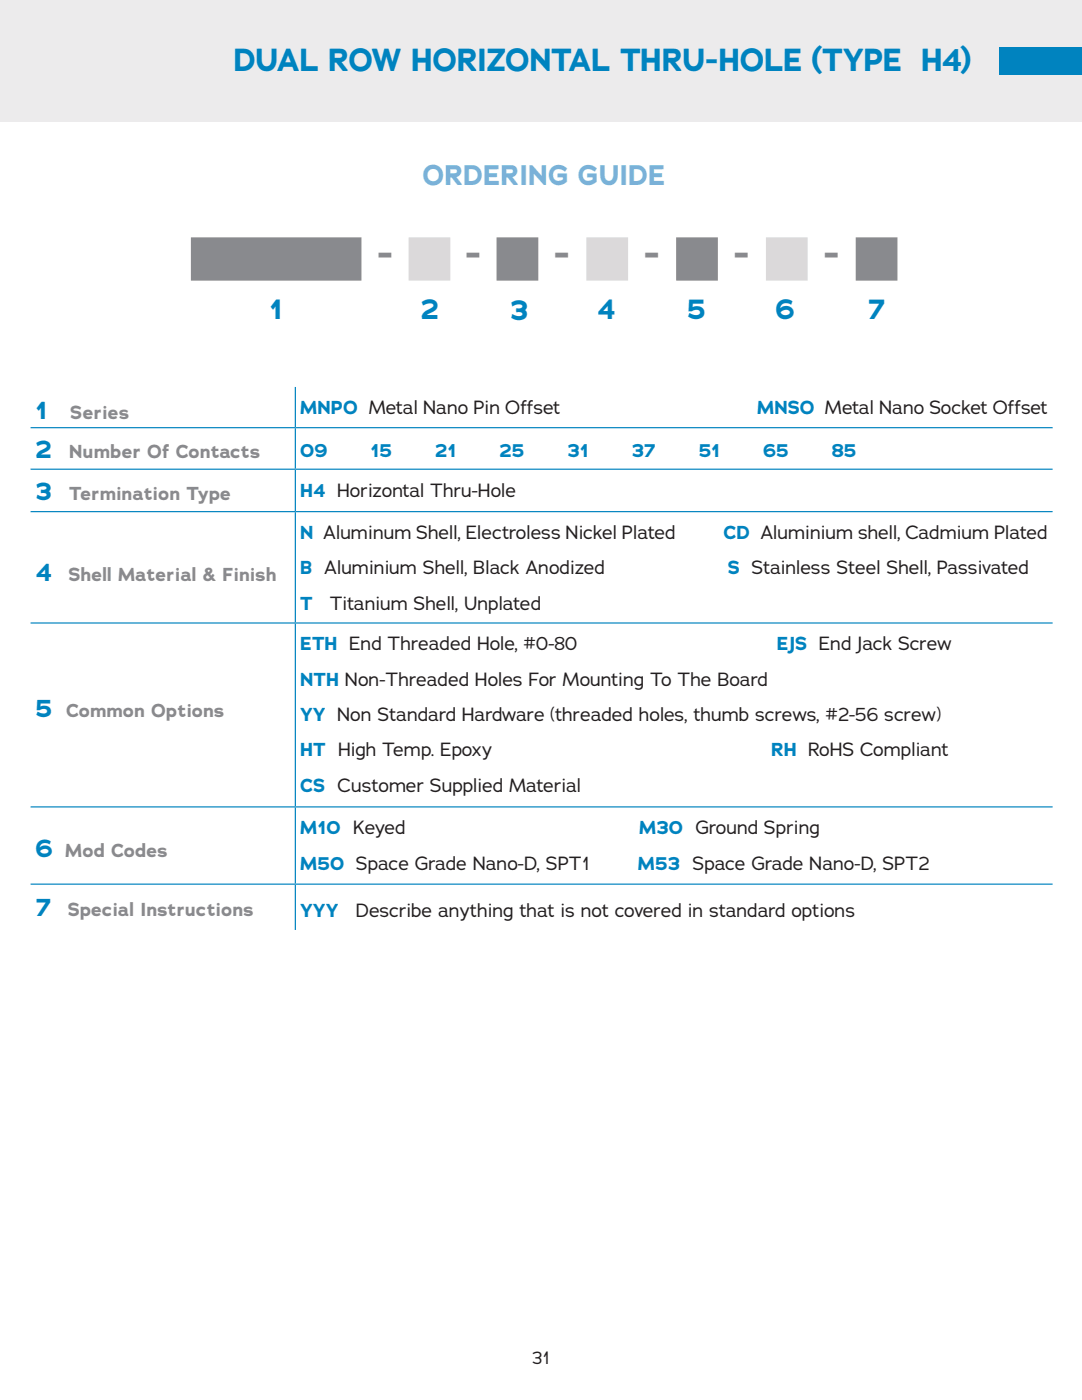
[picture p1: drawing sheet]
<svg xmlns="http://www.w3.org/2000/svg" width="216mm" height="279mm" viewBox="0 0 216 279" stroke-linecap="round" stroke-linejoin="round" font-family="sans-serif">
<defs><g id="words">
<g font-size="7.8" fill="#898a8e">
<text x="75.3" y="53.2">-</text>
<text x="92.9" y="53.2">-</text>
<text x="110.6" y="53.2">-</text>
<text x="128.5" y="53.2">-</text>
<text x="146.4" y="53.2">-</text>
<text x="164.4" y="53.2">-</text>
</g>
<text font-size="6.3" fill="#0083bf" x="46.6" y="14.1">DUAL ROW HORIZONTAL THRU-HOLE (TYPE H4)</text>
<text font-size="5.6" fill="#7ab1d8" x="84.3" y="36.9">ORDERING GUIDE</text>
<g font-size="5.6" fill="#0083bf">
<text x="53.8" y="63.7">1</text>
<text x="84" y="63.7">2</text>
<text x="101.8" y="63.8">3</text>
<text x="119.2" y="63.7">4</text>
<text x="137.1" y="63.7">5</text>
<text x="154.7" y="63.6">6</text>
<text x="173.2" y="63.7">7</text>
</g>
<g font-size="5" fill="#0083bf">
<text x="7.1" y="83.6">1</text>
<text x="7.1" y="91.5">2</text>
<text x="7.1" y="99.7">3</text>
<text x="7.1" y="116">4</text>
<text x="7.1" y="143.1">5</text>
<text x="7.1" y="171">6</text>
<text x="7.1" y="182.8">7</text>
</g>
<g font-size="3.7" fill="#898a8e">
<text x="14" y="83.6">Series</text>
<text x="13.8" y="91.5">Number Of Contacts</text>
<text x="13.8" y="99.7">Termination Type</text>
<text x="13.7" y="116">Shell Material &amp; Finish</text>
<text x="13.2" y="143.1">Common Options</text>
<text x="13" y="171">Mod Codes</text>
<text x="13.5" y="182.8">Special Instructions</text>
</g>
<g font-size="3.7" fill="#0083bf">
<text x="59.9" y="82.7">MNPO Metal Nano Pin Offset</text>
<text x="151.1" y="82.7">MNSO Metal Nano Socket Offset</text>
<text x="59.9" y="91.2">09</text>
<text x="73.9" y="91.2">15</text>
<text x="86.8" y="91.2">21</text>
<text x="99.7" y="91.2">25</text>
<text x="113.2" y="91.2">31</text>
<text x="126.1" y="91.2">37</text>
<text x="139.4" y="91.2">51</text>
<text x="152.3" y="91.2">65</text>
<text x="166" y="91.2">85</text>
<text x="59.9" y="99.1">H4 Horizontal Thru-Hole</text>
<text x="59.9" y="107.6">N Aluminum Shell, Electroless Nickel Plated</text>
<text x="144.4" y="107.6">CD Aluminium shell, Cadmium Plated</text>
<text x="59.9" y="114.6">B Aluminium Shell, Black Anodized</text>
<text x="145.2" y="114.6">S Stainless Steel Shell, Passivated</text>
<text x="59.9" y="121.7">T</text>
<text x="59.9" y="129.8">ETH End Threaded Hole, #0-80</text>
<text x="155" y="129.8">EJS End Jack Screw</text>
<text x="59.9" y="136.9">NTH Non-Threaded Holes For Mounting To The Board</text>
<text x="59.9" y="143.9">YY Non Standard Hardware (threaded holes, thumb screws, #2-56 screw)</text>
<text x="59.9" y="151">HT High Temp. Epoxy</text>
<text x="153.8" y="151">RH RoHS Compliant</text>
<text x="59.9" y="158">CS Customer Supplied Material</text>
<text x="59.9" y="166.5">M10 Keyed</text>
<text x="127.5" y="166.5">M30 Ground Spring</text>
<text x="59.9" y="173.6">M50 Space Grade Nano-D, SPT1</text>
<text x="127.3" y="173.6">M53 Space Grade Nano-D, SPT2</text>
<text x="59.9" y="183">YYY</text>
</g>
<g font-size="3.7" fill="#231f20">
<text x="65.8" y="121.7">Titanium Shell, Unplated</text>
<text x="71" y="183">Describe anything that is not covered in standard options</text>
</g>
<text font-size="3.5" fill="#231f20" x="106.2" y="272.3">31</text>
</g></defs>
<path d="M-.1 -.1h216v24.5h-216z" fill="#ecebec"/>
<path d="M199.5 9.3h16.4v5.5h-16.4z" fill="#0083bf"/>
<g fill="none" stroke="#0083bf" stroke-width=".24">
<path d="M58.9 77.2v8M6.1 85.4h203.9M6.1 93.6h203.9M58.9 85.5v8M58.9 93.8v8.2M6.1 102.1h203.9M58.9 102.2v22M6.1 124.3h203.9M58.9 124.5v36.4M6.1 161h203.9M6.1 176.5h203.9M58.9 161.2v15.1"/>
<path d="M58.9 176.6v9"/>
</g>
<g fill="#898a8e" stroke="#898a8e" stroke-width=".35">
<path d="M38.3 47.5h33.7v8.3h-33.7z"/>
<path d="M99.3 47.5h7.9v8.3h-7.9z"/>
<path d="M135.1 47.5h8v8.3h-8z"/>
<path d="M170.9 47.5h8v8.3h-8z"/>
</g>
<g fill="#dbd9da" stroke="#dbd9da" stroke-width=".35">
<path d="M81.7 47.5h8v8.3h-8z"/>
<path d="M117.2 47.5h8v8.3h-8z"/>
<path d="M153 47.5h8v8.3h-8z"/>
</g>
<use href="#words"/>
</svg>
=-=-=
(How to complete this task):
Output everything in the material exactly. Pictures stay out of it.

(Task result):
[picture p1: drawing sheet]
<svg xmlns="http://www.w3.org/2000/svg" width="216mm" height="279mm" viewBox="0 0 216 279" stroke-linecap="round" stroke-linejoin="round" font-family="sans-serif">
<defs><g id="words">
<g font-size="7.8" fill="#898a8e">
<text x="75.3" y="53.2">-</text>
<text x="92.9" y="53.2">-</text>
<text x="110.6" y="53.2">-</text>
<text x="128.5" y="53.2">-</text>
<text x="146.4" y="53.2">-</text>
<text x="164.4" y="53.2">-</text>
</g>
<text font-size="6.3" fill="#0083bf" x="46.6" y="14.1">DUAL ROW HORIZONTAL THRU-HOLE (TYPE H4)</text>
<text font-size="5.6" fill="#7ab1d8" x="84.3" y="36.9">ORDERING GUIDE</text>
<g font-size="5.6" fill="#0083bf">
<text x="53.8" y="63.7">1</text>
<text x="84" y="63.7">2</text>
<text x="101.8" y="63.8">3</text>
<text x="119.2" y="63.7">4</text>
<text x="137.1" y="63.7">5</text>
<text x="154.7" y="63.6">6</text>
<text x="173.2" y="63.7">7</text>
</g>
<g font-size="5" fill="#0083bf">
<text x="7.1" y="83.6">1</text>
<text x="7.1" y="91.5">2</text>
<text x="7.1" y="99.7">3</text>
<text x="7.1" y="116">4</text>
<text x="7.1" y="143.1">5</text>
<text x="7.1" y="171">6</text>
<text x="7.1" y="182.8">7</text>
</g>
<g font-size="3.7" fill="#898a8e">
<text x="14" y="83.6">Series</text>
<text x="13.8" y="91.5">Number Of Contacts</text>
<text x="13.8" y="99.7">Termination Type</text>
<text x="13.7" y="116">Shell Material &amp; Finish</text>
<text x="13.2" y="143.1">Common Options</text>
<text x="13" y="171">Mod Codes</text>
<text x="13.5" y="182.8">Special Instructions</text>
</g>
<g font-size="3.7" fill="#0083bf">
<text x="59.9" y="82.7">MNPO Metal Nano Pin Offset</text>
<text x="151.1" y="82.7">MNSO Metal Nano Socket Offset</text>
<text x="59.9" y="91.2">09</text>
<text x="73.9" y="91.2">15</text>
<text x="86.8" y="91.2">21</text>
<text x="99.7" y="91.2">25</text>
<text x="113.2" y="91.2">31</text>
<text x="126.1" y="91.2">37</text>
<text x="139.4" y="91.2">51</text>
<text x="152.3" y="91.2">65</text>
<text x="166" y="91.2">85</text>
<text x="59.9" y="99.1">H4 Horizontal Thru-Hole</text>
<text x="59.9" y="107.6">N Aluminum Shell, Electroless Nickel Plated</text>
<text x="144.4" y="107.6">CD Aluminium shell, Cadmium Plated</text>
<text x="59.9" y="114.6">B Aluminium Shell, Black Anodized</text>
<text x="145.2" y="114.6">S Stainless Steel Shell, Passivated</text>
<text x="59.9" y="121.7">T</text>
<text x="59.9" y="129.8">ETH End Threaded Hole, #0-80</text>
<text x="155" y="129.8">EJS End Jack Screw</text>
<text x="59.9" y="136.9">NTH Non-Threaded Holes For Mounting To The Board</text>
<text x="59.9" y="143.9">YY Non Standard Hardware (threaded holes, thumb screws, #2-56 screw)</text>
<text x="59.9" y="151">HT High Temp. Epoxy</text>
<text x="153.8" y="151">RH RoHS Compliant</text>
<text x="59.9" y="158">CS Customer Supplied Material</text>
<text x="59.9" y="166.5">M10 Keyed</text>
<text x="127.5" y="166.5">M30 Ground Spring</text>
<text x="59.9" y="173.6">M50 Space Grade Nano-D, SPT1</text>
<text x="127.3" y="173.6">M53 Space Grade Nano-D, SPT2</text>
<text x="59.9" y="183">YYY</text>
</g>
<g font-size="3.7" fill="#231f20">
<text x="65.8" y="121.7">Titanium Shell, Unplated</text>
<text x="71" y="183">Describe anything that is not covered in standard options</text>
</g>
<text font-size="3.5" fill="#231f20" x="106.2" y="272.3">31</text>
</g></defs>
<path d="M-.1 -.1h216v24.5h-216z" fill="#ecebec"/>
<path d="M199.5 9.3h16.4v5.5h-16.4z" fill="#0083bf"/>
<g fill="none" stroke="#0083bf" stroke-width=".24">
<path d="M58.9 77.2v8M6.1 85.4h203.9M6.1 93.6h203.9M58.9 85.5v8M58.9 93.8v8.2M6.1 102.1h203.9M58.9 102.2v22M6.1 124.3h203.9M58.9 124.5v36.4M6.1 161h203.9M6.1 176.5h203.9M58.9 161.2v15.1"/>
<path d="M58.9 176.6v9"/>
</g>
<g fill="#898a8e" stroke="#898a8e" stroke-width=".35">
<path d="M38.3 47.5h33.7v8.3h-33.7z"/>
<path d="M99.3 47.5h7.9v8.3h-7.9z"/>
<path d="M135.1 47.5h8v8.3h-8z"/>
<path d="M170.9 47.5h8v8.3h-8z"/>
</g>
<g fill="#dbd9da" stroke="#dbd9da" stroke-width=".35">
<path d="M81.7 47.5h8v8.3h-8z"/>
<path d="M117.2 47.5h8v8.3h-8z"/>
<path d="M153 47.5h8v8.3h-8z"/>
</g>
<use href="#words"/>
</svg>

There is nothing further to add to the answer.